Work task:
Copy each line containing the word "text" from the records that follow, please.

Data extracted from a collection

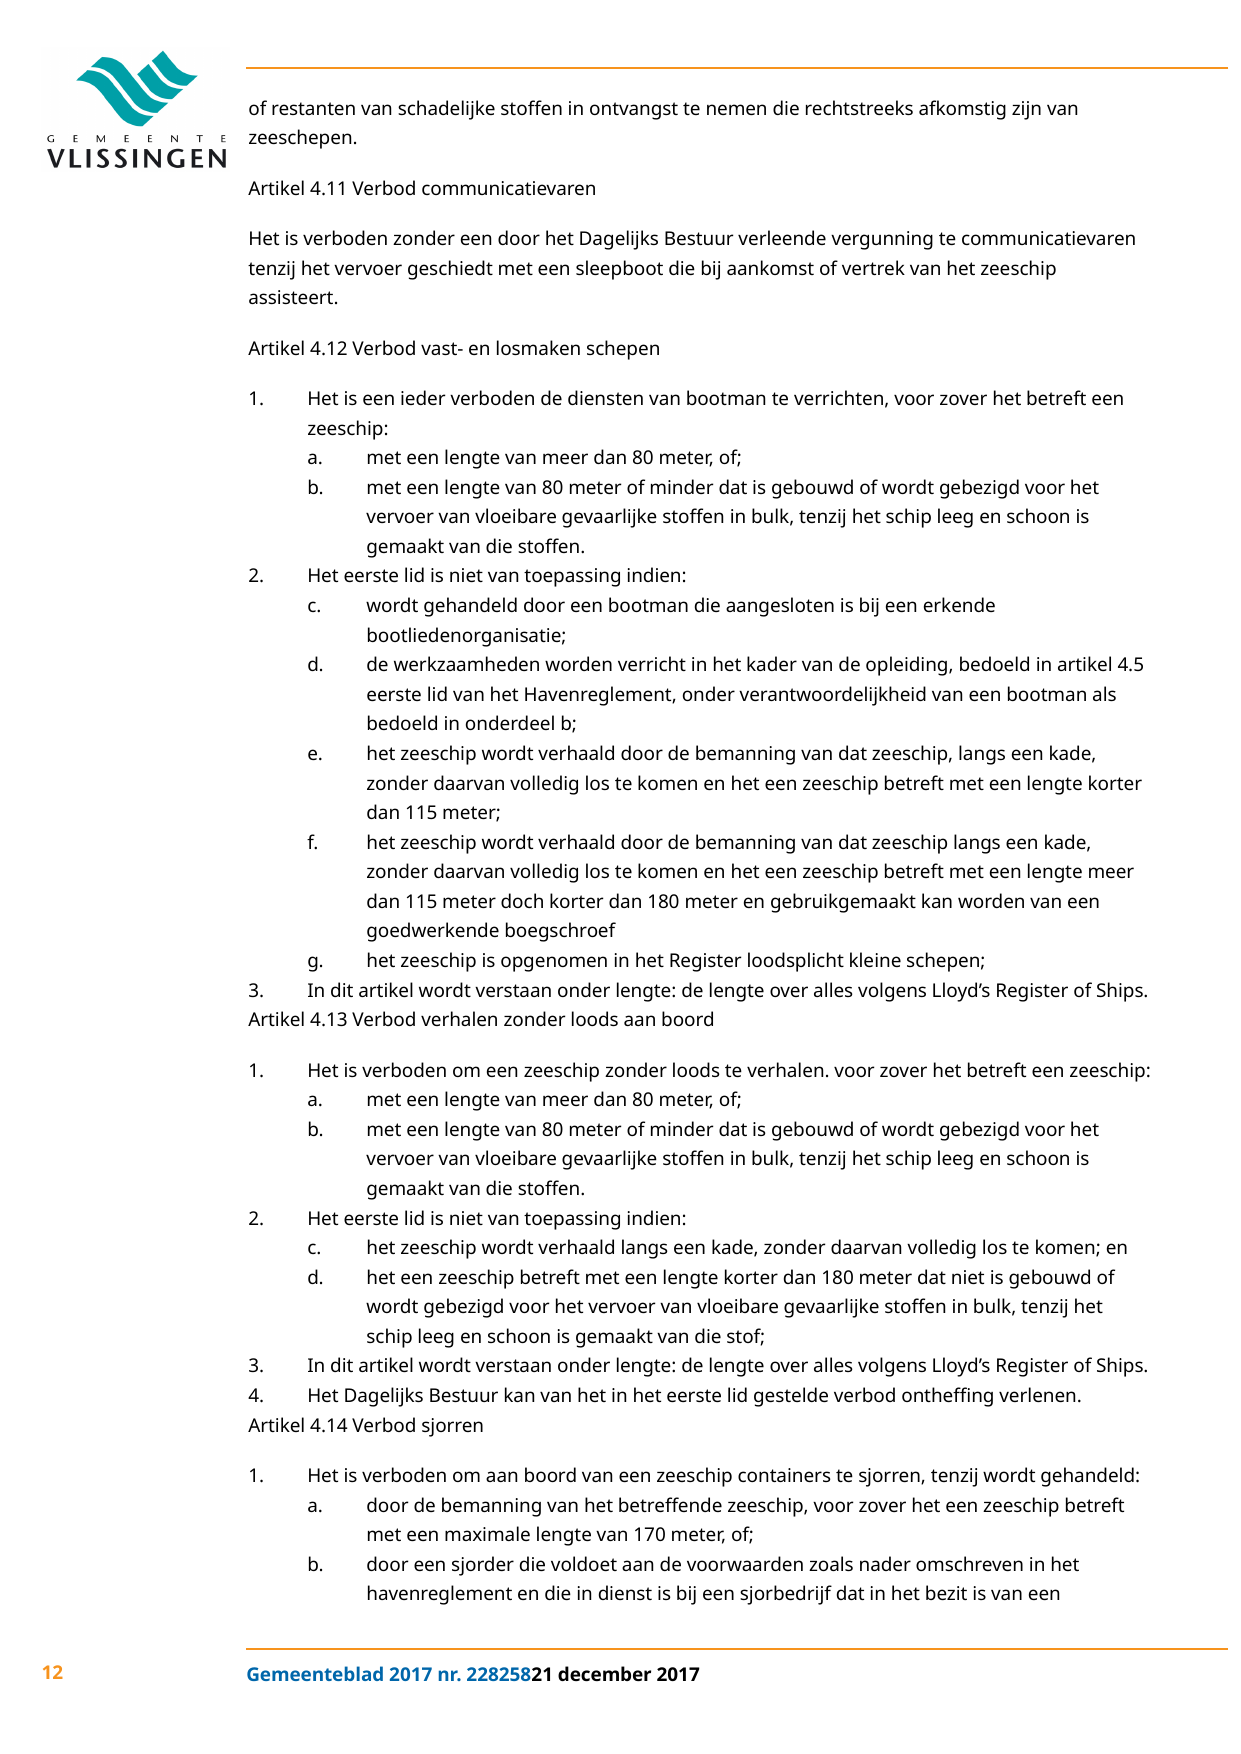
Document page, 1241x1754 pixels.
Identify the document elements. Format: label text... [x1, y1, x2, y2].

list door een sjorder die voldoet aan de voorwaarden zoals nader omschreven in het havenreglement en die in dienst is bij een sjorbedrijf dat in het bezit is van een [307, 1551, 1152, 1606]
list Het eerste lid is niet van toepassing indien: [248, 1205, 1152, 1231]
list het een zeeschip betreft met een lengte korter dan 180 meter dat niet is gebouwd of wordt gebezigd voor het vervoer van vloeibare gevaarlijke stoffen in bulk, tenzij het schip leeg en schoon is gemaakt van die stof; [307, 1264, 1152, 1349]
text Het is verboden zonder een door het Dagelijks Bestuur verleende vergunning te communicatievaren tenzij het vervoer geschiedt met een sleepboot die bij aankomst of vertrek van het zeeschip assisteert. [248, 225, 1152, 310]
list met een lengte van meer dan 80 meter, of; [307, 1086, 1152, 1112]
list met een lengte van 80 meter of minder dat is gebouwd of wordt gebezigd voor het vervoer van vloeibare gevaarlijke stoffen in bulk, tenzij het schip leeg en schoon is gemaakt van die stoffen. [307, 1116, 1152, 1201]
list het zeeschip wordt verhaald door de bemanning van dat zeeschip langs een kade, zonder daarvan volledig los te komen en het een zeeschip betreft met een lengte meer dan 115 meter doch korter dan 180 meter en gebruikgemaakt kan worden van een goedwerkende boegschroef [307, 829, 1152, 943]
text Artikel 4.12 Verbod vast- en losmaken schepen [248, 335, 1152, 361]
list Het is verboden om een zeeschip zonder loods te verhalen. voor zover het betreft een zeeschip: [248, 1057, 1152, 1083]
list In dit artikel wordt verstaan onder lengte: de lengte over alles volgens Lloyd’s Register of Ships. [248, 977, 1152, 1003]
list het zeeschip wordt verhaald door de bemanning van dat zeeschip, langs een kade, zonder daarvan volledig los te komen en het een zeeschip betreft met een lengte korter dan 115 meter; [307, 740, 1152, 825]
list Het is verboden om aan boord van een zeeschip containers te sjorren, tenzij wordt gehandeld: [248, 1462, 1152, 1488]
list het zeeschip wordt verhaald langs een kade, zonder daarvan volledig los te komen; en [307, 1234, 1152, 1260]
text of restanten van schadelijke stoffen in ontvangst te nemen die rechtstreeks afkomstig zijn van zeeschepen. [248, 95, 1152, 150]
list met een lengte van meer dan 80 meter, of; [307, 444, 1152, 470]
picture [41, 47, 231, 172]
list het zeeschip is opgenomen in het Register loodsplicht kleine schepen; [307, 947, 1152, 973]
text Artikel 4.14 Verbod sjorren [248, 1412, 1152, 1438]
list de werkzaamheden worden verricht in het kader van de opleiding, bedoeld in artikel 4.5 eerste lid van het Havenreglement, onder verantwoordelijkheid van een bootman als bedoeld in onderdeel b; [307, 651, 1152, 736]
list door de bemanning van het betreffende zeeschip, voor zover het een zeeschip betreft met een maximale lengte van 170 meter, of; [307, 1492, 1152, 1547]
text Artikel 4.13 Verbod verhalen zonder loods aan boord [248, 1006, 1152, 1032]
list Het is een ieder verboden de diensten van bootman te verrichten, voor zover het betreft een zeeschip: [248, 385, 1152, 441]
list In dit artikel wordt verstaan onder lengte: de lengte over alles volgens Lloyd’s Register of Ships. [248, 1353, 1152, 1378]
list Het Dagelijks Bestuur kan van het in het eerste lid gestelde verbod ontheffing verlenen. [248, 1382, 1152, 1408]
list wordt gehandeld door een bootman die aangesloten is bij een erkende bootliedenorganisatie; [307, 592, 1152, 648]
list Het eerste lid is niet van toepassing indien: [248, 563, 1152, 588]
text Artikel 4.11 Verbod communicatievaren [248, 175, 1152, 201]
list met een lengte van 80 meter of minder dat is gebouwd of wordt gebezigd voor het vervoer van vloeibare gevaarlijke stoffen in bulk, tenzij het schip leeg en schoon is gemaakt van die stoffen. [307, 474, 1152, 559]

Output for this exercise:
Identify the document elements. Format: label text... [x1, y1, x2, y2].
text Het is verboden zonder een door het Dagelijks Bestuur verleende vergunning te communicatievaren tenzij het vervoer geschiedt met een sleepboot die bij aankomst of vertrek van het zeeschip assisteert. [248, 225, 1152, 310]
text Artikel 4.12 Verbod vast- en losmaken schepen [248, 335, 1152, 361]
text of restanten van schadelijke stoffen in ontvangst te nemen die rechtstreeks afkomstig zijn van zeeschepen. [248, 95, 1152, 150]
text Artikel 4.14 Verbod sjorren [248, 1412, 1152, 1438]
text Artikel 4.13 Verbod verhalen zonder loods aan boord [248, 1006, 1152, 1032]
text Artikel 4.11 Verbod communicatievaren [248, 175, 1152, 201]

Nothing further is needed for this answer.